The depressing squalor of the Trump era has created in liberal Americans a gnawing hunger for leaders to admire. Foreign leaders are especially likely to set liberal hearts aflutter, because they are farther away and their flaws less visible. Of all these alternative “leaders of the free world,” it is perhaps Canada’s Justin Trudeau who has enjoyed the most attention. He proclaims himself a feminist, he hugs Syrian refugees as they arrive at Canadian airports, he performs yoga, he is impossibly handsome—what could go wrong?
But there were always two cracks visible in the face Trudeau presented to the world, and over the past three weeks, those lines have widened.
The first flaw: When frustrated or disappointed, he loses his cool. As one person on the receiving end of his ill temper put it to me, “He yells when he does not get his way, then gloats when he does.” The second? Trudeau does not always accurately think through the ultimate consequences of his actions.

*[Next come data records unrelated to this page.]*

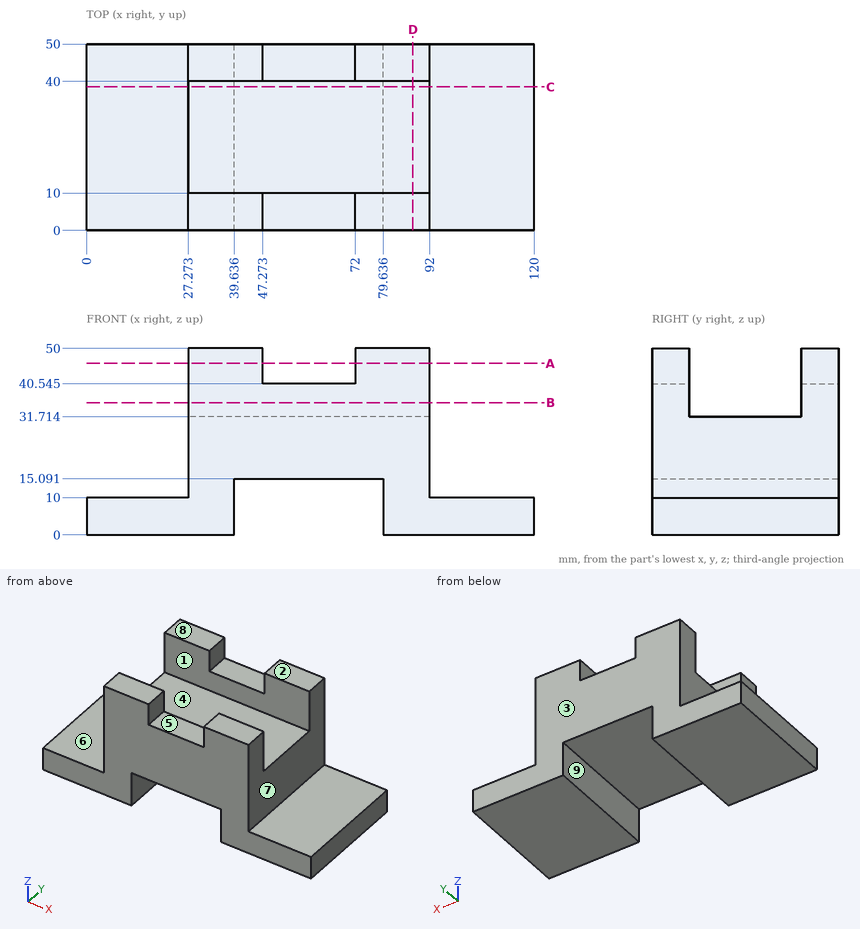
The drawing under review shows one solid part. Ordinate dimensions are in mm from its lowest x, y, z. A direction names the side the tool comes from. Give positions to 0.01 mm unless a question says otherwise; leave off trailing zeros. Order: outer loops, then holes, each group sorted by start corner. A loop starts at its lowest first (then second) coordinate and runs counter-clockwise, first axis right, second up. Notation, with made-up numbers: M 59,62 L 96,62 A36 ccw 96,101 Z; hole C -37.75,1.5 d10. An arc over 180 degrees is marked long. Answer in a Markdown table with one row per item. Add a question column.
1. Add section B-B on z = 35.5. State the section outline as (x, y) points, plus the area to 3 significant figures.
2. Machinability: for the marked faces 5, 6, 7, 8 and 9, which of the approach directions +Z, -Z, +X, -X, +Y, -Y give a long, thin tool a straight path to every point of the face, cutting with its end or side? Answer none if there is none.
3. For pin 1 Ø10.5 at (y, z) = (46, 44.5) entering from +X; pin 2 Ø20 at (x, z) = (57.5, 43) entering from -Y; pin 3 Ø1.5 at (y, z) = (18, 15) entering from -X; pin 4 Ø15 at (x, y) = (49, 19.5) entering from +Z, all flat-tipped, find the tip position at first contact; note any pin that passes through.
4. To check wall thickness, follow line 1 along Y through (x, z) = (54, 32); line 2 along X through (y, z) = (35, 7); line 3 along Z through (x, y) = (14.5, 34). State the ranges of each line that lie inside material, in increasing order.
5. Mouldability with a two-part tool opening along Y and no side actions: class the marked faces 1, 2, 3 and 4 as released by +Y, released by -Y, zero draft, split by the parting line, or undercut.
6. Add section C-C on y = 38.5. State the section outline as (x, z) points.
7. Add section D-D on x = 87.5. State the section outline as (y, z) points, plus the area to 3 significant figures.
8. Add section A-A on z = 46. State the section outline as (x, y) points.
The answers:
| question | item | result |
|---|---|---|
| 1 | outline | M 27.27,0 L 92,0 L 92,10 L 27.27,10 Z; M 27.27,40 L 92,40 L 92,50 L 27.27,50 Z |
| 1 | area | 1,290 mm2 |
| 2 | face 5 | +Z, +Y, -Y |
| 2 | face 6 | +Z, -X, +Y, -Y |
| 2 | face 7 | +Z, +X, +Y, -Y |
| 2 | face 8 | +Z, +X, -X, +Y, -Y |
| 2 | face 9 | -Z, +Y, -Y |
| 3 | pin 1 | x = 92 |
| 3 | pin 2 | y = 0 |
| 3 | pin 3 | x = 27.27 |
| 3 | pin 4 | z = 31.71 |
| 4 | line 1 | 0 to 10, 40 to 50 |
| 4 | line 2 | 0 to 39.64, 79.64 to 120 |
| 4 | line 3 | 0 to 10 |
| 5 | face 1 | undercut |
| 5 | face 2 | zero draft |
| 5 | face 3 | released by +Y |
| 5 | face 4 | undercut |
| 6 | outline | M 0,0 L 39.64,0 L 39.64,15.09 L 79.64,15.09 L 79.64,0 L 120,0 L 120,10 L 92,10 L 92,31.71 L 27.27,31.71 L 27.27,10 L 0,10 Z |
| 7 | outline | M 0,0 L 50,0 L 50,50 L 40,50 L 40,31.71 L 10,31.71 L 10,50 L 0,50 Z |
| 7 | area | 1,950 mm2 |
| 8 | outline | M 27.27,0 L 47.27,0 L 47.27,10 L 27.27,10 Z; M 27.27,40 L 47.27,40 L 47.27,50 L 27.27,50 Z; M 72,0 L 92,0 L 92,10 L 72,10 Z; M 72,40 L 92,40 L 92,50 L 72,50 Z |
from build123d import *

# Parameters (mm, degrees)
SKETCH1_R           = 31.75
BASE_EXTRUDE_DEPTH  = 46.99
SKETCH2_R           = 57.15
BOSS_EXTRUDE1_DEPTH = 19.05
SKETCH4_R           = 47.625
CUT_EXTRUDE1_DEPTH  = 12.7
CUT_EXTRUDE2_DEPTH  = 105.372058521


with BuildPart() as part:
    # Sketch1 → Base-Extrude (new body)
    with BuildSketch(Plane.XY):
        Circle(SKETCH1_R)
    extrude(amount=-BASE_EXTRUDE_DEPTH)

    # Sketch2 → Boss-Extrude1 (add)
    with BuildSketch(Plane(origin=(0, 0, -46.99), x_dir=(-1, 0, 0), z_dir=(0, 0, -1))):
        Circle(SKETCH2_R)
    extrude(amount=BOSS_EXTRUDE1_DEPTH)

    # Sketch4 → Cut-Extrude1 (cut)
    with BuildSketch(Plane(origin=(0, 0, -66.04), x_dir=(-1, 0, 0), z_dir=(0, 0, -1))):
        Circle(SKETCH4_R)
    extrude(amount=-CUT_EXTRUDE1_DEPTH, mode=Mode.SUBTRACT)

    # Sketch6 → Cut-Extrude2 (cut, through all)
    with BuildSketch(Plane.XY):
        with BuildLine():
            Line((-3.175, 12.065), (3.175, 12.065))
            Line((3.175, 12.065), (3.175, 8.980256121))
            ThreePointArc((3.175, 8.980256121), (0, -9.525), (-3.175, 8.980256121))
            Line((-3.175, 8.980256121), (-3.175, 12.065))
        make_face()
    extrude(amount=-CUT_EXTRUDE2_DEPTH, mode=Mode.SUBTRACT)


solid = part.part
The model under review builds one solid part; all positions refer to its coordinate system, in mm. A direction names the side the tool comes from. Round coordinates to 2 decimals unless told otherwise and drop trailing zeros. Write each loop counter-clockwise with the first axis right and the second up, starting at its lowest first coordinate (ties: lowest second). Pieces come first, ordered by that corner, then holes. Notation, with made-up numbers: (6.25, 71) - (40.25, 71) arc R23 cw to (40.25, 102) - close; hole circle Ø1 at (67, -13.75). An arc over 180 degrees is marked (long way). One line per item, written item: value. Start each with the question number.
1. Consider section C-C on z = -19.5. Write out the cut boundary in (x, y) (3 decimals).
2. The part is to be moulded in two halves that separate along X. For faces 5 (the face through (21, 43, -66.04)), 6 (the face through (-3.175, 11, -26)), 7 (the face through (-6.883, -30.995, -23.166)), 8 (the face through (37.794, -28.979, -59.779)), say which applies: released by +X, released by -X, zero draft, split by the parting line, or undercut.
3. Clearance check with flat-ended pins moving along their axes: P1, Ø3, axis at x = 1.5, z = -30, coming from the -Y side; P2, Ø3.5, axis at y = 10.5, z = -16.5, coming from the -X side; P3, Ø12, axis at y = -14, z = -37, coming from the +X side. State where each tip first meets the part, or that it passes through.
4. Consider section B-B on y = 0. Write out the cut boundary in (x, z) (3 decimals).
5. Consider section A-A on x = 0. Write out the cut boundary in (y, z) (3 decimals).
6. To check wall thickness, follow L1, parallel to Z at x = -18, y = -6; L2, parallel to Z at x = -39, y = 37.5; L3, parallel to X at y = 12, z = -33 (3 decimals). State the ranges of each line that lie inside material, in increasing order. Write a range as from..to.
7. Consider section D-D on x = -21. Write out the cut boundary in (y, z).
8. Machinability: for faces 1 (the face through (7, 8, 0)), 2 (the face through (-25, -25, -46.99)), 3 (the face through (0, 12.065, -26)), 4 (the face through (1, -10, -53.34)), which of the approach directions +Z, -Z, +X, -X, +Y, -Y give a long, thin tool a straight path to every point of the face, cutting with its end or side? Answer none if there is none.
Checks:
1. outline: circle Ø63.5 at (0, 0); hole (-3.175, 8.98) arc R9.525 ccw (long way) to (3.175, 8.98) - (3.175, 12.065) - (-3.175, 12.065) - close
2. face 5: zero draft
2. face 6: undercut
2. face 7: split by the parting line
2. face 8: undercut
3. P1: stops at y = -31.75
3. P2: stops at x = -30.52
3. P3: stops at x = 30.73
4. outline: (-57.15, -66.04) - (-47.625, -66.04) - (-47.625, -53.34) - (-9.525, -53.34) - (-9.525, 0) - (-31.75, 0) - (-31.75, -46.99) - (-57.15, -46.99) - close; (9.525, -53.34) - (47.625, -53.34) - (47.625, -66.04) - (57.15, -66.04) - (57.15, -46.99) - (31.75, -46.99) - (31.75, 0) - (9.525, 0) - close
5. outline: (-57.15, -66.04) - (-47.625, -66.04) - (-47.625, -53.34) - (-9.525, -53.34) - (-9.525, 0) - (-31.75, 0) - (-31.75, -46.99) - (-57.15, -46.99) - close; (12.065, -53.34) - (47.625, -53.34) - (47.625, -66.04) - (57.15, -66.04) - (57.15, -46.99) - (31.75, -46.99) - (31.75, 0) - (12.065, 0) - close
6. L1: z = -53.34..0
6. L2: z = -66.04..-46.99
6. L3: x = -29.395..-3.175, 3.175..29.395
7. outline: (-53.15, -66.04) - (-42.75, -66.04) - (-42.75, -53.34) - (42.75, -53.34) - (42.75, -66.04) - (53.15, -66.04) - (53.15, -46.99) - (23.81, -46.99) - (23.81, 0) - (-23.81, 0) - (-23.81, -46.99) - (-53.15, -46.99) - close
8. face 1: +Z, +X, -X, +Y, -Y
8. face 2: +Z
8. face 3: +Z, -Z
8. face 4: -Z
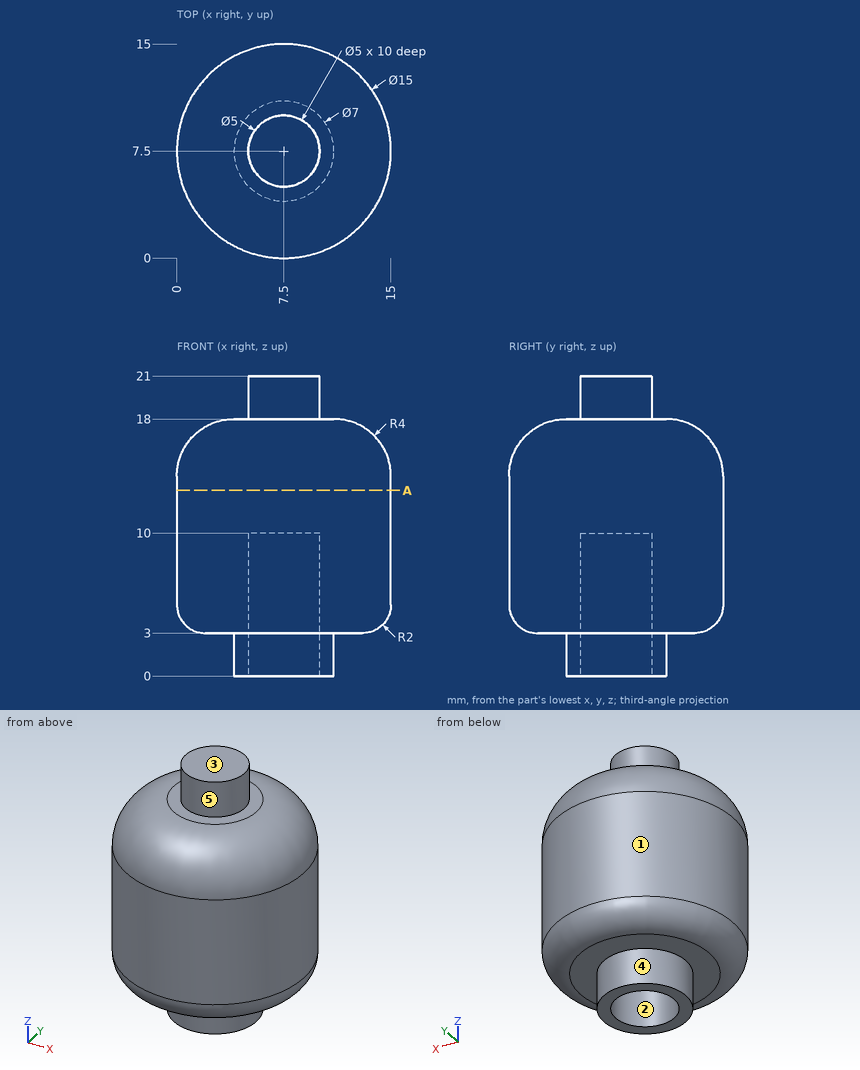
Print and shaded views of the part. All mm, measured from the part's lowest x, y and z. A direction names the side the tool comes from. Coordinates: 2 decimals unless noted, no trailing zeros. Loops run counter-clockwise (first coordinate to the right, second up) from the corner with the lowest first, then second, coordinate; pieces in that order, holes last. Notation, with made-up numbers: (2, -25.75) - (17, -25.75) arc R24 cw to (17, 7.25) - close; hole circle Ø1 at (-4.5, -29.5). An arc over 180 degrees is marked (long way). Write item = value, one per line. Start each with the question number.
Item 1: Wall check: L1, parallel to Y at x = 7.5, z = 5.5; L2, parallel to Y at x = 7.5, z = 2.5; L3, parallel to Z at x = 9.75, y = 10. Give the ranges that are in metal, low to high. Write a range as from..to.
Item 2: Mould opens along X. For the marked faces 1, 2 and 3 say: released by +X, released by -X, zero draft, split by the parting line, or undercut.
Item 3: Flat gauge pins, fed straight in: pin 1 Ø5 at (x, y) = (6, 3) entering from +Z; pin 2 Ø3 at (y, z) = (1.5, 11) entering from +X; pin 3 Ø2 at (x, y) = (10, 3.5) entering from -Z; pin 4 Ø5 at (x, z) = (2.5, 3.5) entering from +Y. Where does each tip first touch, or does it go through?
Item 4: Cut at A-A, the plane z = 13. Give the cut face in (x, y), and give its area (3 significant figures).
Item 5: 3-axis set-ups, long thin cutter, end or side, ignore diameter. For the marked faces 4 and 5: which of +Z, -Z, +X, -X, +Y, -Y reach the whole face in a straight line?
The answers:
q1.L1 = 0..5, 10..15
q1.L2 = 4..5, 10..11
q1.L3 = 0..18
q2.face_1 = split by the parting line
q2.face_2 = undercut
q2.face_3 = zero draft
q3.pin_1 = 21
q3.pin_2 = 13.5
q3.pin_3 = 3
q3.pin_4 = 14.43
q4.outline = circle Ø15 at (7.5, 7.5)
q4.area = 177 mm2
q5.face_4 = -Z
q5.face_5 = +Z
```python
from build123d import *

# Parameters (mm, degrees)
BOSS_EXTRUDE1_DEPTH = 12.7
SHELL1_START        = -12.7
SHELL1_DEPTH        = 10.16
FILLET1_R           = 0.508
SKETCH2_R           = 6.35
SKETCH2_R_2         = 3.96875
BOSS_EXTRUDE2_DEPTH = 20.32
SKETCH3_R           = 3.96875
CUT_EXTRUDE1_DEPTH  = 31.743483417


# Read off the part's stored shape, not the designer's step: Shell1
with BuildPart() as part:
    # Sketch1 → Boss-Extrude1 (new body)
    with BuildSketch(Plane(origin=(0, 0, 0), x_dir=(1, 0, 0), z_dir=(0, 1, 0))):
        with BuildLine():
            Line((-21.893352199, -2.46416195), (-0.616040488, -7.783489878))
            ThreePointArc((-0.616040488, -7.783489878), (0, -7.859327928), (0.616040488, -7.783489878))
            Line((0.616040488, -7.783489878), (21.893352199, -2.46416195))
            ThreePointArc((21.893352199, -2.46416195), (23.817311711, 0), (21.893352199, 2.46416195))
            Line((21.893352199, 2.46416195), (0.616040488, 7.783489878))
            ThreePointArc((0.616040488, 7.783489878), (0, 7.859327928), (-0.616040488, 7.783489878))
            Line((-0.616040488, 7.783489878), (-21.893352199, 2.46416195))
            ThreePointArc((-21.893352199, 2.46416195), (-23.817311711, 0), (-21.893352199, -2.46416195))
        make_face()
    extrude(amount=-BOSS_EXTRUDE1_DEPTH)

    # Shell1 outline → Shell1 (cut)
    with BuildSketch(Plane(origin=(0, 0, 0), x_dir=(1, 0, 0), z_dir=(0, 1, 0)).offset(SHELL1_START)):
        Polygon((-21.277311711, 0), (0, -5.319327928), (21.277311711, 0), (0, 5.319327928), align=None)
    extrude(amount=SHELL1_DEPTH, mode=Mode.SUBTRACT)

    # Fillet1
    fillet1_edges = [part.edges().sort_by_distance(p)[0] for p in [
        (21.277311711, -7.62, 0),
        (0, -7.62, 5.319327928),
        (-21.277311711, -7.62, 0),
        (0, -7.62, -5.319327928),
    ]]
    fillet(fillet1_edges, radius=FILLET1_R)

    # Sketch2 → Boss-Extrude2 (add)
    with BuildSketch(Plane(origin=(0, 0, 0), x_dir=(1, 0, 0), z_dir=(0, 1, 0))):
        with Locations(Location((0, 0, 0), (0, 0, 270))):
            Circle(SKETCH2_R)
        with Locations(Location((0, 0, 0), (0, 0, 270))):
            Circle(SKETCH2_R_2, mode=Mode.SUBTRACT)
    extrude(amount=-BOSS_EXTRUDE2_DEPTH)

    # Sketch3 → Cut-Extrude1 (cut, through all)
    with BuildSketch(Plane.XZ.offset(2.54)):
        with Locations(Location((0, 0, 0), (0, 0, 90))):
            Circle(SKETCH3_R)
    extrude(amount=-CUT_EXTRUDE1_DEPTH, mode=Mode.SUBTRACT)


solid = part.part
```
Can you work these out from the model? Positions are in its coordinate system, mm. A direction names the side the tool comes from. Coordinates: 2 decimals unless noted, no trailing zeros. Loops run counter-clockwise (first coordinate to the right, second up) from the corner with the lowest first, then second, coordinate; pieces in that order, holes last. Notation, with made-up numbers: M 40.25,31.25 L 62.25,31.25 A27 cw 62.25,64.25 Z; hole C 9.5,-39 d7. An arc over 180 degrees is marked long. Put each result on its own line as item: value. Start each with the question number.
(1) Imagine slicing it at B-B on x = 0. List the corners of the cut face in (y, z) for me.
(2) Will these pins go through, and if not, where does the flat tip stop? pin 1 Ø1.5 at (x, y) = (5, -5.5) entering from -Z (3 decimals); pin 2 Ø3 at (x, y) = (12.5, -11) entering from -Z; pin 3 Ø2.5 at (x, z) = (14, -1.5) entering from -Y.
(3) Which directions (+Z, -Z, +X, -X, +Y, -Y) give clear straight access to the entire face, cutting with the end or side of a thin tool? Please do faces 4 (the face through (-0.01, -6.26, 7.86)), 5 (the face through (11, -2.54, 0)).
(4) Imagine slicing it at C-C on y = -14.75. List the corners of the cut face in (x, z) for me, and give its area (3 significant figures).
(5) Imagine slicing it at D-D on z = 2. List the corners of the cut face in (x, y) for me, and give its area (3 significant figures).
(6) Imagine slicing it at A-A on z = 0. List the corners of the cut face in (x, y) for me, and give its area (3 significant figures).
(7) I need wall thicknesses on probe 1 along X at (y, z) = (-8, 0); probe 2 along Z at (x, y) = (0, -13.75); probe 3 along Z at (x, y) = (0, -9.75). Which ranges of each line are inside material? Lowest first, please.
(8) We'd pull the mould along X, two halves only. Please class faces 1 (the face through (-19.69, -7.55, 0.01)), 2 (the face through (11.404, -6.261, -5.087)), 3 (the face through (-23.817, -6.261, -0.047)): +X half, -X half, draft (parallel to the pull), parting line (faces both ways), or undercut.
Worked answers:
1. outline: M -20.32,-6.35 L -12.7,-6.35 L -12.7,-7.86 L 0,-7.86 L 0,-3.97 L -20.32,-3.97 Z; M -20.32,3.97 L 0,3.97 L 0,7.86 L -12.7,7.86 L -12.7,6.35 L -20.32,6.35 Z
2. pin 1: stops at z = -6.875
2. pin 2: stops at z = -5.19
2. pin 3: stops at y = -12.7
3. face 4: +Z, +Y, -Y
3. face 5: -Y
4. outline: C 0,0 d12.7; hole C 0,0 d7.94
4. area: 77.2 mm2
5. outline: M -22.84,-12.7 L -13.28,-12.7 L -13.28,-2.54 L -6.03,-2.54 L -6.03,-20.32 L -3.43,-20.32 L -3.43,0 L -22.84,0 Z; M 3.43,-20.32 L 6.03,-20.32 L 6.03,-2.54 L 13.28,-2.54 L 13.28,-12.7 L 22.84,-12.7 L 22.84,0 L 3.43,0 Z
5. area: 385 mm2
6. outline: M -23.82,-12.7 L -19.69,-12.7 L -19.69,-2.54 L -6.35,-2.54 L -6.35,-20.32 L -3.97,-20.32 L -3.97,0 L -23.82,0 Z; M 3.97,-20.32 L 6.35,-20.32 L 6.35,-2.54 L 19.69,-2.54 L 19.69,-12.7 L 23.82,-12.7 L 23.82,0 L 3.97,0 Z
6. area: 269 mm2
7. probe 1: x = -23.82 to -19.69, -6.35 to -3.97, 3.97 to 6.35, 19.69 to 23.82
7. probe 2: z = -6.35 to -3.97, 3.97 to 6.35
7. probe 3: z = -7.86 to -3.97, 3.97 to 7.86
8. face 1: undercut
8. face 2: +X half
8. face 3: -X half
Geometry check sheet. Reference: the model listing, model coordinates, mm. Give positions to 0.01 mm unless a question says otherwise; leave off trailing zeros. Write each loop counter-clockwise with the first axis right and the second up, starting at its lowest first coordinate (ties: lowest second). Pieces come first, ordered by that corner, then holes. Notation, with made-up numbers: (10.25, 61) -> (49.25, 61) arc R28 ccw to (49.25, 79) -> close; hole circle Ø3 at (-3, 31.25). An arc over 180 degrees is marked (long way). One line per item, written item: value.
Autodesk Inventor part; units mm, degrees
ref_plane "YZ Plane" through (0, 0, 0) normal (1, 0, 0) x (0, 1, 0)
ref_plane "XZ Plane" through (0, 0, 0) normal (0, 1, 0) x (-1, 0, 0)
ref_plane "XY Plane" through (0, 0, 0) normal (0, 0, 1) x (1, 0, 0)
sketch "Sketch1" plane through (0, 0, 0) normal (0, 1, 0) x (-1, 0, 0)
  circle A0 centre (0, 0) radius 2
  line L0 (3.5, -2.0207) -> (0, -4.0415)
  line L1 (0, -4.0415) -> (-3.5, -2.0207)
  line L2 (-3.5, -2.0207) -> (-3.5, 2.0207)
  line L3 (-3.5, 2.0207) -> (0, 4.0415)
  line L4 (0, 4.0415) -> (3.5, 2.0207)
  line L5 (3.5, 2.0207) -> (3.5, -2.0207)
  dimension "d0" = 4
  dimension "d1" = 3.5
extrude "Extrusion1" add sketch "Sketch1" along normal blind 3
thread "Thread1"
fillet "Fillet1" radius 1 6 edges at (-3.5, 1.5, 2.0207) (0, 1.5, 4.0415) (3.5, 1.5, 2.0207) (3.5, 1.5, -2.0207) (0, 1.5, -4.0415) (-3.5, 1.5, -2.0207)
properties part number "Moer"
1) Sectioned sample at B-B on z = 0. Record the cut outline in (x, y), plus the area to 3 significant figures.
Verdict:
outline: (-3.5, 0) -> (-2, 0) -> (-2, 3) -> (-3.5, 3) -> close; (2, 0) -> (3.5, 0) -> (3.5, 3) -> (2, 3) -> close
area: 9.00 mm^2
2) Mould release check, pull along X, two halves, no side actions. Record for faces 1 (the flat face through (2, 3, -2)), 2 (the flat face through (1.8, 1.5, 3)), 3 (the cylindrical face through (0, 1, 2)), 4 (the cylindrical face through (-3.36, 1.52, -1.95)): released by +X, released by -X, zero draft, split by the parting line, or undercut.
Verdict:
face 1: zero draft
face 2: released by +X
face 3: undercut
face 4: released by -X
3) Sectioned sample at A-A on x = 0. Record the cut outline in (y, z), plus the area to 3 significant figures.
Verdict:
outline: (0, -3.89) -> (3, -3.89) -> (3, -2) -> (0, -2) -> close; (0, 2) -> (3, 2) -> (3, 3.89) -> (0, 3.89) -> close
area: 11.3 mm^2
4) Sectioned sample at C-C on y = 1.45. Record the cut outline in (x, z).
Verdict:
outline: (-3.5, -1.44) arc R1 ccw to (-3, -2.31) -> (-0.5, -3.75) arc R1 ccw to (0.5, -3.75) -> (3, -2.31) arc R1 ccw to (3.5, -1.44) -> (3.5, 1.44) arc R1 ccw to (3, 2.31) -> (0.5, 3.75) arc R1 ccw to (-0.5, 3.75) -> (-3, 2.31) arc R1 ccw to (-3.5, 1.44) -> close; hole circle Ø4 at (0, 0)
5) Sectioned sample at D-D on z = 3.25. Record the cut outline in (x, y).
Verdict:
outline: (-1.37, 0) -> (1.37, 0) -> (1.37, 3) -> (-1.37, 3) -> close
6) Scan lines: probe 1 along Z at (x, y) = (0, 0.7); probe 2 along Z at (x, y) = (-1.25, 0.5); probe 3 along X at (y, z) = (1.85, -1). Record each from-to range of solid material in increasing order.
Verdict:
probe 1: -3.89 to -2, 2 to 3.89
probe 2: -3.32 to -1.56, 1.56 to 3.32
probe 3: -3.5 to -1.73, 1.73 to 3.5

Together, those two fault lines create a dangerous formula for bad decision making in times of crisis.
Read: Justin Trudeau’s feminist brand is imploding
Over the four years since he came to power in November 2015, Trudeau has offset his personal weaknesses by relying heavily on shrewder advisers. But since February, a serious and growing scandal has cost him the service of trusted aides. The head of the civil service has been forced to resign. Trudeau has been left more and more to his own judgment. This past weekend, that judgment tinged the scandal with a new note of farce.